What Does Natural Birth Mean to You?
What do you think? After teaching natural childbirth classes for twenty-four years, I’ve learned that natural birth means different things to different people. Was my four hour Pitocin induced labor a natural birth, because I had no pain medications? Or only my two hour homebirth which my midwives barely made? I once asked my natural childbirth students what natural birth meant; the consensus was anything short of an epidural, including other pain medications, was natural birth. So I’ve come to see it as a continuum.
On one end are homebirths like the ones I was lucky to attend when I was a midwifery apprentice in the early 1990s. Michel Odent calls them undisturbed births. The mother is in her home, and she runs the show. She eats and drinks what and when she wants, is along or surrounded by people she knows well and has invited, walks or rests, moans, complains, sings, or is silent, gets in her tub if she wants. The baby is born and goes directly on mom’s chest with the cord attached. There is no small talk. It is all mamababy time. There are no bright lights, no unnecessary questions or exams, no separation.
The spectrum of natural childbirth, according to many, seems also to include inductions, analgesics, IVs, ruptured membranes, almost anything except an epidural. I don’t feel it’s for me, or anyone, to label another woman’s birth experiences. I love what Joyce Maynard says about her birth experiences. “Before I had children I always wondered whether their births would be, for me, like the ultimate in gym class failures. And I discovered instead…that I’d finally found my sport.” Natural birth can be about discovering what our bodies can do.
I asked readers of my WellPregnancy Facebook page why they birthed naturally. One mom posted, “I didn’t want to experience drug side effects and I didn’t want my baby to experience those side effects. There wasn’t time for drugs and I trusted my body and my baby.” Another remembered, “I didn’t get a natural experience the first time, and that left me feeling disappointed. I gave birth naturally because I knew my body could, and in the end it was the most empowering feeling I have ever had!” And a third shared, “After having an epidural with my first birth, I felt like I had totally lost control over myself and the process. I felt that the process was meant to be honored. So my second and third births were natural, unmedicated. I had control back. I was able to feel what my body was capable of doing. And it was amazing and empowering!!”
As a culture we believe that pain is unacceptable. But when we numb out sensation in labor, we diminish our endorphin levels and the endorphin levels of our babies. The pain is dulled, but so is the exuberance we are meant to experience afterwards, when contractions are over and mother and baby bathe in the highest endorphin levels, higher than what marathoners get. Martha Beck captures it when she wrote, “Anyone who has felt the pain of bearing a child, or pushed past physical limits in some athletic event, or struggled to learn difficult but powerful truths understands that suffering can be an integral part of the most profound joy. In fact, once suffering has ended, having experienced it seems to magnify the capacity… to feel pleasure and delight.”
Because endorphins are released in spurts during labor in the brains of the mother and baby along with oxytocin, when the endorphin levels are tampered with due to the use of pain medication, oxytocin is also reduced. Oxytocin drives labor, and when levels drop, labor slows. That is part of why 50% of women with epidurals require augmentation with Pitocin, which is synthetic oxytocin. Pitocin risks include fetal distress, uterine rupture, cesarean birth, postpartum depression.
Sometimes when a mother has great difficulty relaxing, or is exhausted, an epidural is a blessing.

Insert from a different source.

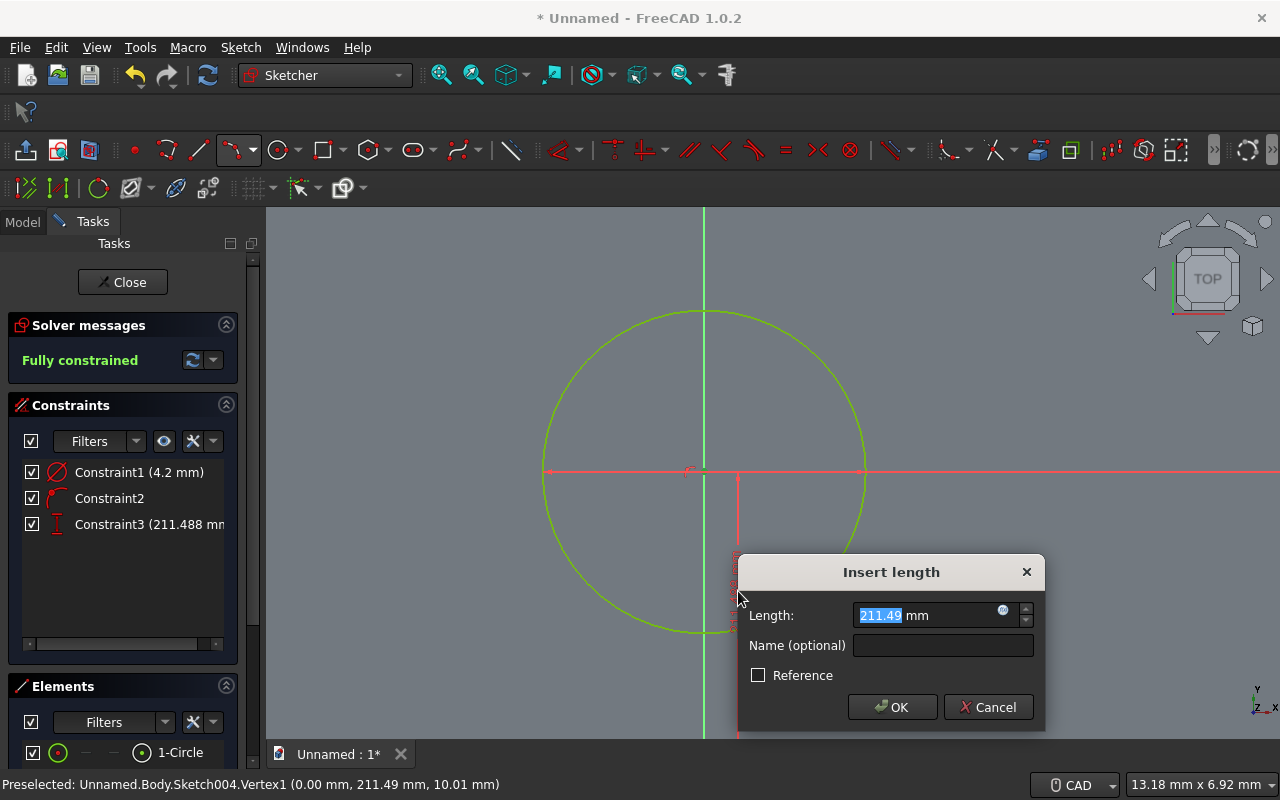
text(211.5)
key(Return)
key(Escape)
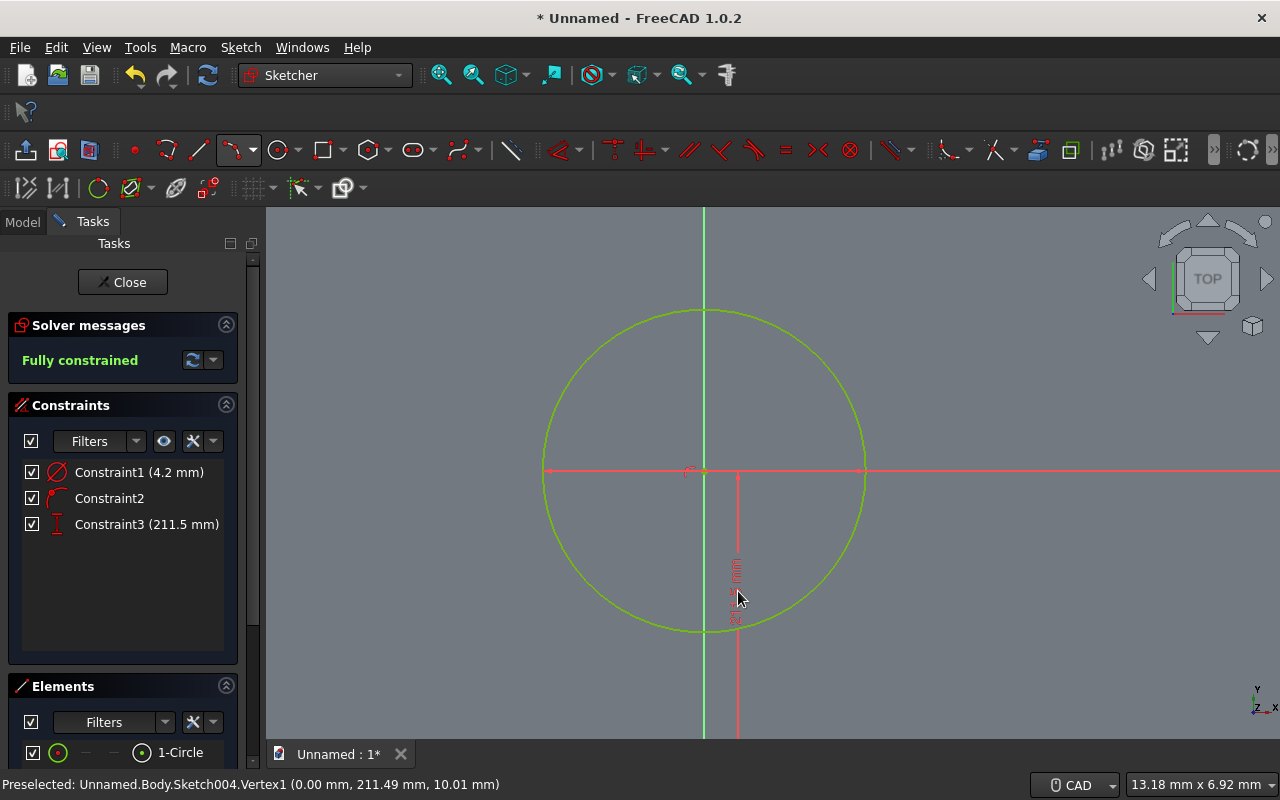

The problem is not the use of epidurals, it’s the overuse. Women with excellent preparation and appropriate support are less likely to find themselves in situations where they need epidurals. Taking an independent childbirth class to learn and practice comfort measures and support techniques, including use of the birth ball, massage, rebozo, hot/cold therapy, counter pressure, ahead of time is invaluable. The more tools the mom has, the better equipped for labor she’ll be. Place of birth matters. Laboring with access to a tub and unlimited food and drink helps. Choosing a professional team that includes a doctor, midwife and/or nurse who regularly support unmedicated women, means laboring with people who know what to do. A doula can also make a big difference; her only job is to provide physical, emotional, and informational support. “Birthing women can never have too much support,” Carol Densmore told me in an interview. “If people seek good support it’s not a sign of weakness or vulnerability. Rather, being well supported and well held, allows childbearing women to access their deepest courage.”
Midwives throughout human history have developed strategies and tools to help laboring women. “The choice is not between anesthesia and unremitting agony.” Sandra Steingraber wrote. “One is not asked to lie in a hospital bed and… bite a bullet and suffer.” Pain in childbirth, unlike most pain, is not a sign that something is wrong. The mom who is in a place mentally where she can understand that and work with, rather than against, her contractions, will experience labor quite differently. And when it is over, when she’s done it, and she’s holding her newborn, she’ll likely have a sense of satisfaction and of her own strength, a great platform from which to begin the work of new motherhood.